We’re getting closer to the trial of George Zimmerman for the killing of teenager Trayvon Martin. From The Orlando Sentinel:
SANFORD – With just two weeks remaining before his trial, George Zimmerman’s attorneys returned to court this morning for what may be his last pre-trial hearing, a session that could turn into a marathon with his attorneys asking for a trial delay and that an especially-damaging state audio expert be banned from testifying.
Circuit Judge Debra S. Nelson will be asked to decide a long list of other issues, things that will determine how the trial plays out and what jurors will see and hear.
For example, defense attorney Mark O’Mara has asked that she take jurors to the scene of the shooting, a middle- to working-class gated townhouse community on Sanford’s west side where Zimmerman killed Trayvon Martin, an unarmed black 17-year-old, Feb. 26, 2012.
Zimmerman says he acted in self-defense.

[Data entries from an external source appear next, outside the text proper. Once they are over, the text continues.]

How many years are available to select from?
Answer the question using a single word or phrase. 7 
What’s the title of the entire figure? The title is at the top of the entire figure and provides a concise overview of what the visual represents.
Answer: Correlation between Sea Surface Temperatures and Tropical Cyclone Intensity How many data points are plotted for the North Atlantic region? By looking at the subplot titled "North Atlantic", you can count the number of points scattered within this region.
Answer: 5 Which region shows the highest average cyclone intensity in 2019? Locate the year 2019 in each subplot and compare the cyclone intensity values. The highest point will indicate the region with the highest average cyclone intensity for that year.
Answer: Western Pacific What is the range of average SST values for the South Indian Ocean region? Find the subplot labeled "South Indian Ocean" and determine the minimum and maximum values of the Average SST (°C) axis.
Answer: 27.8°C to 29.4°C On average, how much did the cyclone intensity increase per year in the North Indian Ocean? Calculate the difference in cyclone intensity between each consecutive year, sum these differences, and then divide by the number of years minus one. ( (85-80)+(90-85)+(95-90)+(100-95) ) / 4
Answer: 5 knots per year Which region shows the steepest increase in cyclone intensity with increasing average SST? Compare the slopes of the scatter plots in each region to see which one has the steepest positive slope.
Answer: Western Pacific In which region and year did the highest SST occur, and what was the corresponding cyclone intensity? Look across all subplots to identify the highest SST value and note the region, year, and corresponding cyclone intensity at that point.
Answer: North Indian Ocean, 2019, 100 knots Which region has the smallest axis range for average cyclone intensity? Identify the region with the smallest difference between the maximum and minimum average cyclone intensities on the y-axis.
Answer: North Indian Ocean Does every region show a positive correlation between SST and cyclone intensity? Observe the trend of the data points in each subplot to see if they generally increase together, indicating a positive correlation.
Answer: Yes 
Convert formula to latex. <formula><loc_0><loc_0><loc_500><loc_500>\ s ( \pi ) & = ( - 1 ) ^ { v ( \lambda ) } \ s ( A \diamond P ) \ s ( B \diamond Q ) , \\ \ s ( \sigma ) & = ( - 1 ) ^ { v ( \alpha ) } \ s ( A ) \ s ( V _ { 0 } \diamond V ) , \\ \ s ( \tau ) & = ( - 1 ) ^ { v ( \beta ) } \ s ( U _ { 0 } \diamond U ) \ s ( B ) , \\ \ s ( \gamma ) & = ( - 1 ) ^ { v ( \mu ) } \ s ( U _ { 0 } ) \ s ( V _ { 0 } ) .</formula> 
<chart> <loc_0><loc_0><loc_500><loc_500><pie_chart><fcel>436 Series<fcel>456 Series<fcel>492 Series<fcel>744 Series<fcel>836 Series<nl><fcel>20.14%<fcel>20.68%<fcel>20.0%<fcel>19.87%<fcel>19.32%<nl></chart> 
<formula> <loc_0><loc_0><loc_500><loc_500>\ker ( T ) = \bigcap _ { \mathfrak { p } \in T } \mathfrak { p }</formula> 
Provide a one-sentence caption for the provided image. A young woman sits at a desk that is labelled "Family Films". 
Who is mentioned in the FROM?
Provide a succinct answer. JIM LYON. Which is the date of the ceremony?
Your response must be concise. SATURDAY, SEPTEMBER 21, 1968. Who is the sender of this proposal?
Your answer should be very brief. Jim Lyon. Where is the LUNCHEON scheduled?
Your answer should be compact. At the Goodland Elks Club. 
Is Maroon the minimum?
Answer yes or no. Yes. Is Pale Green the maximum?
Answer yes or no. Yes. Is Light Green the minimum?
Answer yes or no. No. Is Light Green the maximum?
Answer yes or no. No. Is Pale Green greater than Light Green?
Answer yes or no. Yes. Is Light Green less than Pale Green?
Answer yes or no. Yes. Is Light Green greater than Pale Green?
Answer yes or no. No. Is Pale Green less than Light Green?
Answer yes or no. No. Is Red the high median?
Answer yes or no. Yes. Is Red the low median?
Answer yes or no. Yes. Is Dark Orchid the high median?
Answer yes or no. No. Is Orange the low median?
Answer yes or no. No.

His second-degree murder trial is to begin June 10.
Defense attorneys on Tuesday also will ask the judge to keep jurors’ names a secret, something prosecutors are not expected to oppose.
Read more at the link. I guess we’ll be hearing a lot more about this in the coming weeks. I can’t say I’m really looking forward to the publicly expressed racism that is likely to be unleashed during the trial.
That’s all I’ve got for you today. Please post your recommended reads in the comment thread, and have a terrific Tuesday!